# Instructions to follow:
From the first line to the last, please print the entries exactly, omitting pictures.

Stored records:
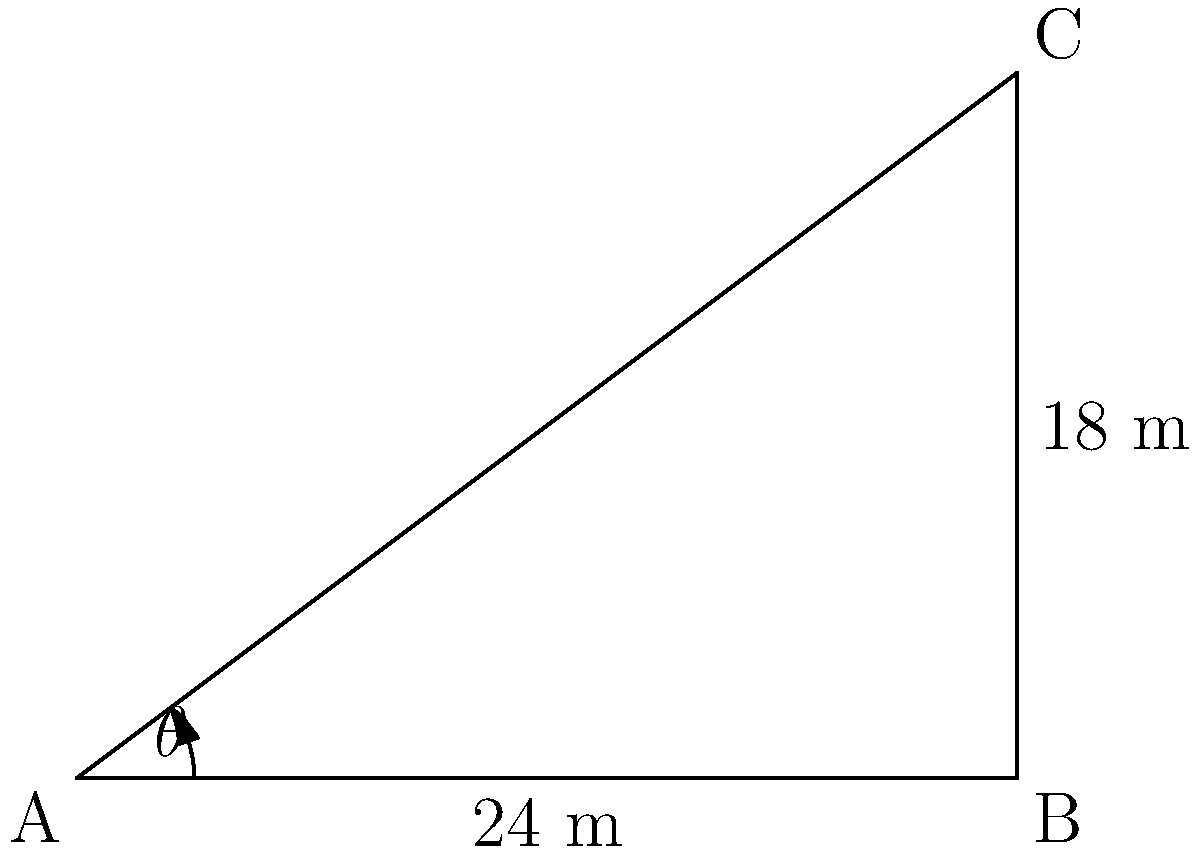In a K League 1 match, a player is preparing to take a corner kick. The corner flag is at point A, the near goalpost is at point B, and the far goalpost is at point C. The distance between the goalposts (BC) is 18 meters, and the distance from the corner flag to the near goalpost (AB) is 24 meters. What is the angle θ of the corner kick needed to aim directly at the far goalpost? Let's solve this step-by-step using trigonometry:

1) First, we need to identify the right triangle in this problem. Triangle ABC is a right triangle, with the right angle at B.

2) We're looking for angle θ at A. This is opposite to side BC and adjacent to side AB.

3) In a right triangle, when we know the opposite and adjacent sides to an angle, we use the tangent function:

   $\tan \theta = \frac{\text{opposite}}{\text{adjacent}}$

4) In this case:
   $\tan \theta = \frac{BC}{AB} = \frac{18}{24} = \frac{3}{4} = 0.75$

5) To find θ, we need to use the inverse tangent (arctan or $\tan^{-1}$):

   $\theta = \tan^{-1}(0.75)$

6) Using a calculator or trigonometric tables:

   $\theta \approx 36.87°$

Therefore, the player needs to kick the ball at an angle of approximately 36.87° to aim directly at the far goalpost.
Answer: $36.87°$

# Written solution:
In a K League 1 match, a player is preparing to take a corner kick. The corner flag is at point A, the near goalpost is at point B, and the far goalpost is at point C. The distance between the goalposts (BC) is 18 meters, and the distance from the corner flag to the near goalpost (AB) is 24 meters. What is the angle θ of the corner kick needed to aim directly at the far goalpost? Let's solve this step-by-step using trigonometry:

1) First, we need to identify the right triangle in this problem. Triangle ABC is a right triangle, with the right angle at B.

2) We're looking for angle θ at A. This is opposite to side BC and adjacent to side AB.

3) In a right triangle, when we know the opposite and adjacent sides to an angle, we use the tangent function:

   $\tan \theta = \frac{\text{opposite}}{\text{adjacent}}$

4) In this case:
   $\tan \theta = \frac{BC}{AB} = \frac{18}{24} = \frac{3}{4} = 0.75$

5) To find θ, we need to use the inverse tangent (arctan or $\tan^{-1}$):

   $\theta = \tan^{-1}(0.75)$

6) Using a calculator or trigonometric tables:

   $\theta \approx 36.87°$

Therefore, the player needs to kick the ball at an angle of approximately 36.87° to aim directly at the far goalpost.
Answer: $36.87°$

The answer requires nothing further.